# Windows 10 Dauerschleife bei Installation



## pjh89 (5. August 2017)

Hallo liebes Forum,

ich verzweifele gerade an der Installation von Windows 10. 

Vorab meine Daten:
_*Intel I5 2500k 3.30GHz
AS Rock Z68 Pro3 Gen 3
Samsung SSD 250 GB
Installation per USB (Stick zur Sicherheit schon ausgetauscht)*_

Wenn ich im BIOS nur den USB Stick zum booten aktivere, kann ich normal auf die Festplatte zugreifen und eine Partition für Windows formatieren und auswählen. Danach passiert folgendes:

Windows-Dateien werden kopiert *ok*
Dateien werden für die Installation vorbereitet *ok*
Features werden installiert *ok*
Updates werden installiert *ok*
PC startet planmäßig neu, setzt die Installation aber im Anschluss nicht fort, sondern will wieder von vorne installieren.

Wähle ich im Bios zusätzlich die SSD zum booten (Egal ob an Position Eins oder Zwei) aus, kann ich bei der Installation keine Partition für Windows auswählen, sondern bekomme folgende Fehlermeldung:

_*"Windows kann auf dem Datenträger nicht installiert werden. Die Hardware des Computers unterstützt möglicherweise das Starten mit diesem Datenträger nicht.

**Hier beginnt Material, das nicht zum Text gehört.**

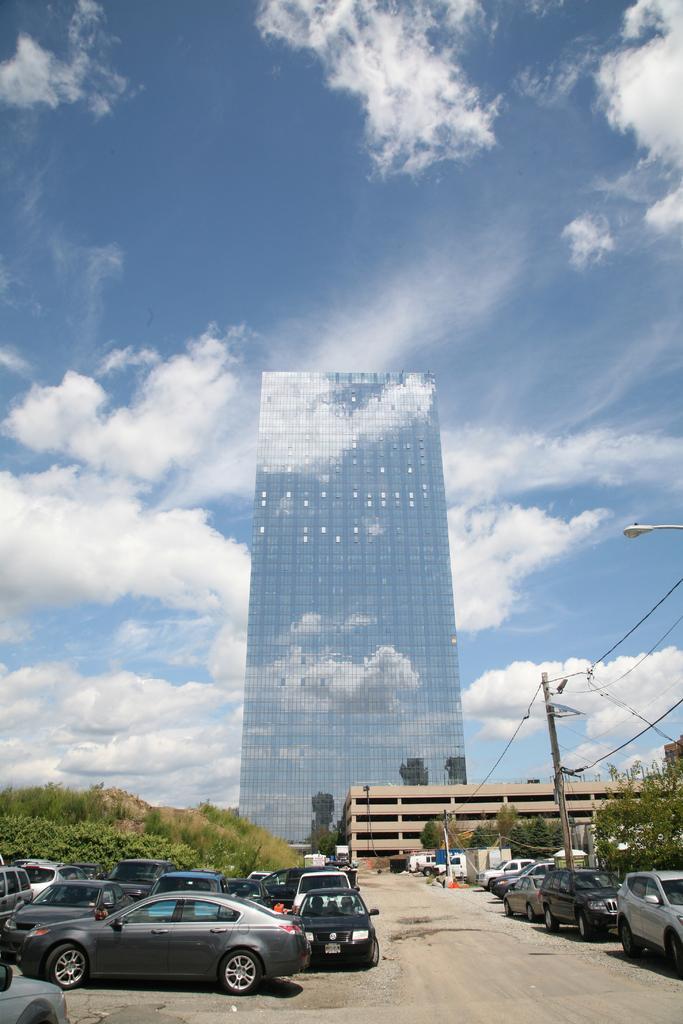Please provide a concise description of this image. In this image there are cars, trees, electric poles with cables on it, lamp posts and buildings, at the top of the image there are clouds in the sky. 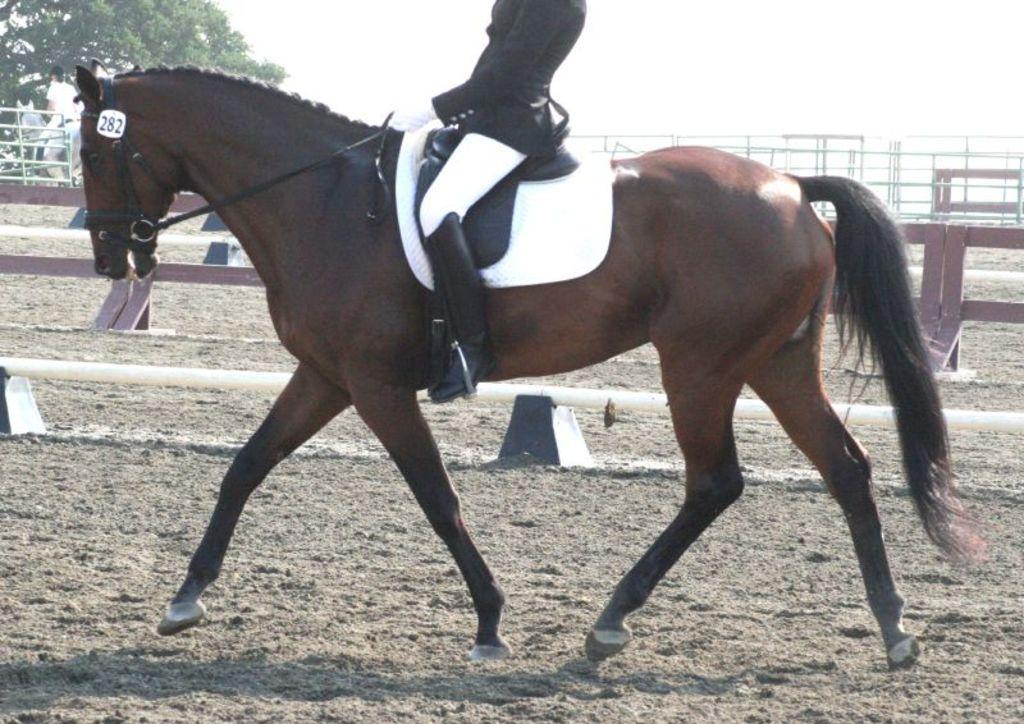Can you describe this image briefly? In the middle of this image, there is a horse, on which there is a person holding thread of it, walking on a ground. In the background, there is a bridge, on which there are few persons, there are trees and there are clouds in the sky. 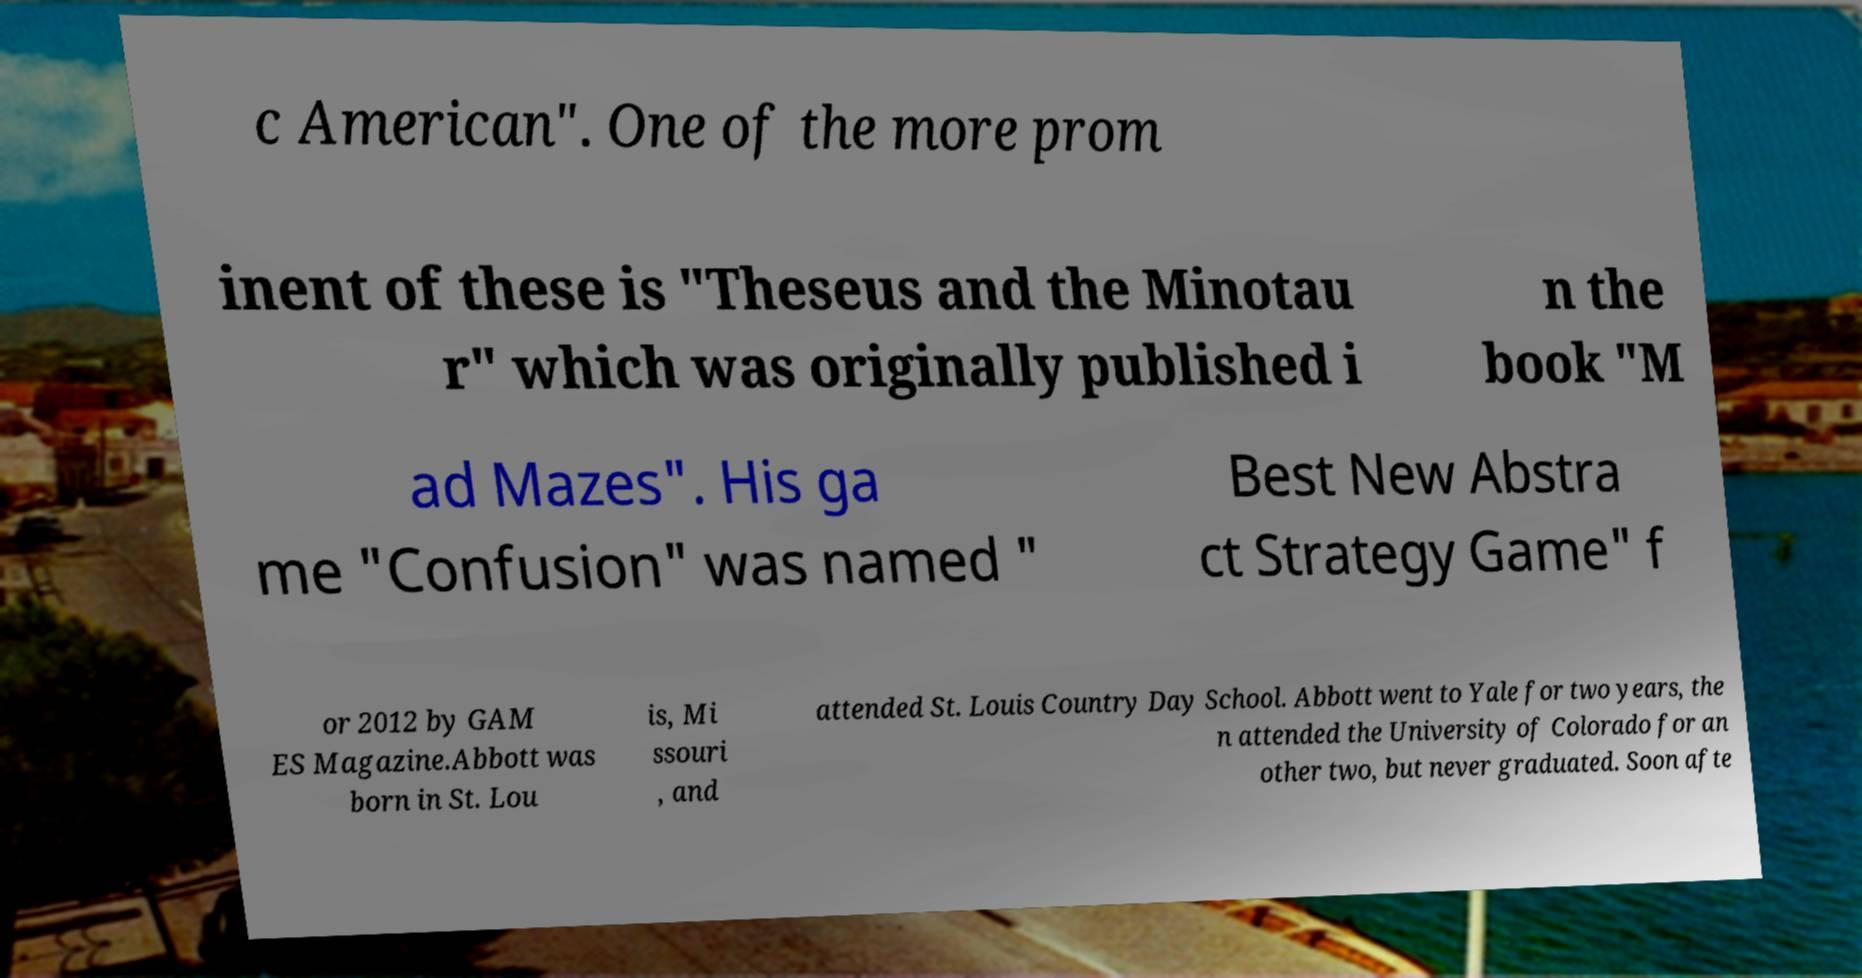There's text embedded in this image that I need extracted. Can you transcribe it verbatim? c American". One of the more prom inent of these is "Theseus and the Minotau r" which was originally published i n the book "M ad Mazes". His ga me "Confusion" was named " Best New Abstra ct Strategy Game" f or 2012 by GAM ES Magazine.Abbott was born in St. Lou is, Mi ssouri , and attended St. Louis Country Day School. Abbott went to Yale for two years, the n attended the University of Colorado for an other two, but never graduated. Soon afte

Stellen Sie sicher, das der Controller des Datenträgers im BIOS-Menu des Computers aktiviert ist."


*_Hat zufällig einer ne Ahnung was da schief läuft? Bin echt am verzweifeln. Soll ein zweit PC für meine Freundin werden. 
Hab gestern die 1. Festplatte direkt nach Kauf fallen lassen *kaputt*
Bei der 2. Festplatte, die ich bei mir noch gefunden habe, startet die Installation von Windows gar nicht.
Nun eine SSD aus meinem PC ausgebaut, Installation startet, ich freue mich schon und jetzt hängt es woanders...

Danke euch schon mal für eure Hilfe!


----------



## Ryle (5. August 2017)

Zieh einfach mal den USB Stick raus sobald der Rechner neu starten will nach dem Kopieren usw.


----------



## pjh89 (5. August 2017)

Ryle schrieb:


> Zieh einfach mal den USB Stick raus sobald der Rechner neu starten will nach dem Kopieren usw.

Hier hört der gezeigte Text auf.